Costa Rica : Le HCR demande une révision du projet de la nouvelle loi sur l'immigration

Points de presse, 12 août 2005

Ceci est un résumé des déclarations du porte-parole du HCR Jennifer Pagonis à qui toute citation peut être attribuée lors de la conférence de presse du 12 août 2005 au Palais des Nations à Genève.

L'UNHCR est préoccupé de l'impact de la nouvelle loi sur l'immigration qui va être adoptée au Costa Rica sur les réfugiés et demandeurs d'asile et appelle les législateurs costa-ricains à revoir des parties décisives de ce projet de loi.

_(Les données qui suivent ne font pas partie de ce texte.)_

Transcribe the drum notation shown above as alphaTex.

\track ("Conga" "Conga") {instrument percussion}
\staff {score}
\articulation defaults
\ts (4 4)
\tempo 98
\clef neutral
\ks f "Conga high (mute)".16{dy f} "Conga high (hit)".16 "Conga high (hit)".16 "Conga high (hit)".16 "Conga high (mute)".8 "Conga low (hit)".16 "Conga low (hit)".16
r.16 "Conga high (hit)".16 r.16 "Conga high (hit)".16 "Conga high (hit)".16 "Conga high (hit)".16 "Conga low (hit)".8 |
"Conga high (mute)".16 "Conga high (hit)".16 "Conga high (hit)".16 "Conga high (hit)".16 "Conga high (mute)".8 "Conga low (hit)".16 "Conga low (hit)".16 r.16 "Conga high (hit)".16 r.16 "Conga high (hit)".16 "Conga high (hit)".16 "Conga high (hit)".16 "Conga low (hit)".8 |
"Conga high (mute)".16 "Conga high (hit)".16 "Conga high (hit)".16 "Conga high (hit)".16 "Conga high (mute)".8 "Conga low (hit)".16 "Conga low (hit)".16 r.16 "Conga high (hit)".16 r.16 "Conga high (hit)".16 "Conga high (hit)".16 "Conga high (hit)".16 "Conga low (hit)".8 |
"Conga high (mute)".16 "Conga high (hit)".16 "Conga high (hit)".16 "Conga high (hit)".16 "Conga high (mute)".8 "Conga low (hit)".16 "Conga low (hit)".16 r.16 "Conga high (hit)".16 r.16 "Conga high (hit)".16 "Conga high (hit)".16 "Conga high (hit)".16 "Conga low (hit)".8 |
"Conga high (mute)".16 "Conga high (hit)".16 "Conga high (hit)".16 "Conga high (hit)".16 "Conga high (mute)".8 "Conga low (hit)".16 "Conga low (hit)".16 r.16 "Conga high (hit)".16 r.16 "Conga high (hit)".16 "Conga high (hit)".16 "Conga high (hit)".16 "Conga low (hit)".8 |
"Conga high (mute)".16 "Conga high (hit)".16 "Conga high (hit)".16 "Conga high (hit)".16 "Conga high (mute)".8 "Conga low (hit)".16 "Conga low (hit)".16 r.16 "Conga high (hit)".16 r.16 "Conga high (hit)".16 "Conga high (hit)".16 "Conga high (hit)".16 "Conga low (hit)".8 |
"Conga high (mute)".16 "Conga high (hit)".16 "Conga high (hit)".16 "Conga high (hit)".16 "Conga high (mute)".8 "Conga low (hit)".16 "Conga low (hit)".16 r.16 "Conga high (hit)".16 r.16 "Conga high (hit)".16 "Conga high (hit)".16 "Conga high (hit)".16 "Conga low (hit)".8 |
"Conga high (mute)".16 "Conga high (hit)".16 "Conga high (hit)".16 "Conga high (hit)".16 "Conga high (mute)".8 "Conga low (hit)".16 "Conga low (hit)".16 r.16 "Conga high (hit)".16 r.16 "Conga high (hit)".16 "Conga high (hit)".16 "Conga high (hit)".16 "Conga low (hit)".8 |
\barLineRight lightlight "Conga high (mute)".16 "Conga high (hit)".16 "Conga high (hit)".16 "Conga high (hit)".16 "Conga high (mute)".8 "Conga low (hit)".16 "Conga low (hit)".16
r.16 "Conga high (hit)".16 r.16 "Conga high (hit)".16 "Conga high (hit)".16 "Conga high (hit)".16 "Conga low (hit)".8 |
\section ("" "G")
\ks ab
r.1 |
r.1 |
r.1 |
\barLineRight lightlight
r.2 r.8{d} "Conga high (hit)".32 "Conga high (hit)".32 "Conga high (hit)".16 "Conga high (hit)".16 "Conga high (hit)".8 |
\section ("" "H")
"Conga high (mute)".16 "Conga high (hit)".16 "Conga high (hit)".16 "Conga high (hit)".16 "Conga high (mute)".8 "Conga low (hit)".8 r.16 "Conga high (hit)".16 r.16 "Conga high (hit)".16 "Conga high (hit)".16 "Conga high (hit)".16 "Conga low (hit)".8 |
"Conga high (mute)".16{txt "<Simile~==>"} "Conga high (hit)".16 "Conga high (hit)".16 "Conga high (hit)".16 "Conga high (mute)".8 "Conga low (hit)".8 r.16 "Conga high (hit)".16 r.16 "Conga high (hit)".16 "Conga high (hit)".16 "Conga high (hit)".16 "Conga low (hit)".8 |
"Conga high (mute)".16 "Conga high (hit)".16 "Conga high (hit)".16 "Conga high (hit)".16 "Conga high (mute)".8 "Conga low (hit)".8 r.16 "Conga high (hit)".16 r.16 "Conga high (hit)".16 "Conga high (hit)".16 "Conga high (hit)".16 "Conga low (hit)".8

La proposition de loi ne contient aucune définition de ce qu'est un réfugié tel que défini dans la Convention de 1951, dont le Costa Rica est signataire, et il ne figure aucune référence au principe clé de non-refoulement bien que ce principe soit mentionné dans la Constitution du Costa Rica. La proposition de loi fait également état de raisons injustifiées pour retirer le statut de réfugié contrairement à l'esprit de la Convention de 1951 par exemple, les sanctions entraînant le retrait du statut de réfugié seront automatiquement appliquées à d'autres membres de la famille sans prendre en considération leur besoin individuel de protection.

Enfin, la proposition de loi ne garantit pas aux réfugiés le droit au travail. Bien que le droit au travail soit respecté en pratique par les autorités du Costa Rica, un tel droit devrait faire partie de n'importe quelle nouvelle loi pour permettre aux réfugiés d'assurer leur subsistance dans la société locale sans constituer un fardeau inutile au gouvernement.

L'UNHCR reconnaît la nécessité de moderniser la législation du Costa Rica pour refléter les nouvelles réalités des vagues de migration, dont le trafic des personnes et les trafiquants de migrants ainsi que les véritables changements dans les mouvements de réfugiés. En nous basant sur notre mandat de protection et sur notre compétence technique, nous avions conseillé le gouvernement ces dernières années sur l'élaboration de la nouvelle loi. Nous continuerons de même dans l'espoir que la nouvelle législation sur l'asile et l'immigration protégera les droits des personnes qui sont en danger pour trouver la sécurité dans d'autres pays tel que stipulé par le droit international des réfugiés.

Nous reconnaissons et apprécions la tradition du Costa Rica de recevoir des demandeurs d'asile et des réfugiés, plus particulièrement lors des conflits en Amérique centrale dans les années 1980 et leur hospitalité actuelle pour un très grand nombre de réfugiés colombiens. Toutefois, nous pensons que certains articles de la proposition de loi sont restrictifs et contraires à l'esprit de la Convention de 1951 pour les réfugiés. Cela pourrait mener à une exacerbation du climat déjà tendu à l'égard des demandeurs d'asile et des réfugiés dans le pays. Nous pressons le gouvernement du Costa Rica de mettre en application une nouvelle loi qui traite des questions de l'immigration auxquels le pays fait face et en même temps qui respecte l'engagement du pays en matière de droit de l'homme.